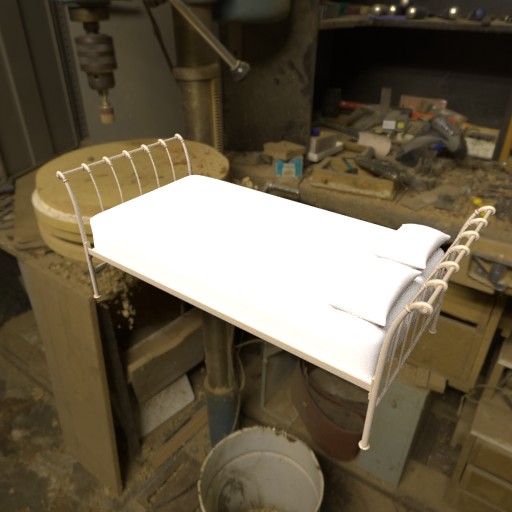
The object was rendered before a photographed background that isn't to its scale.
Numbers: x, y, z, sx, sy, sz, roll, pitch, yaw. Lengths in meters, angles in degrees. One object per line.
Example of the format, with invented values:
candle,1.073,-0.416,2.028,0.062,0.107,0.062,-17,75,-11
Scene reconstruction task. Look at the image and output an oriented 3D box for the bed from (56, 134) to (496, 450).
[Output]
bed,0.000,0.000,2.636,2.228,0.873,1.032,21,37,30
= = = = =
◆ **Problem**
Could you work out how many lines in the records include "object"? Answer with the number only.

◆ **Response**
2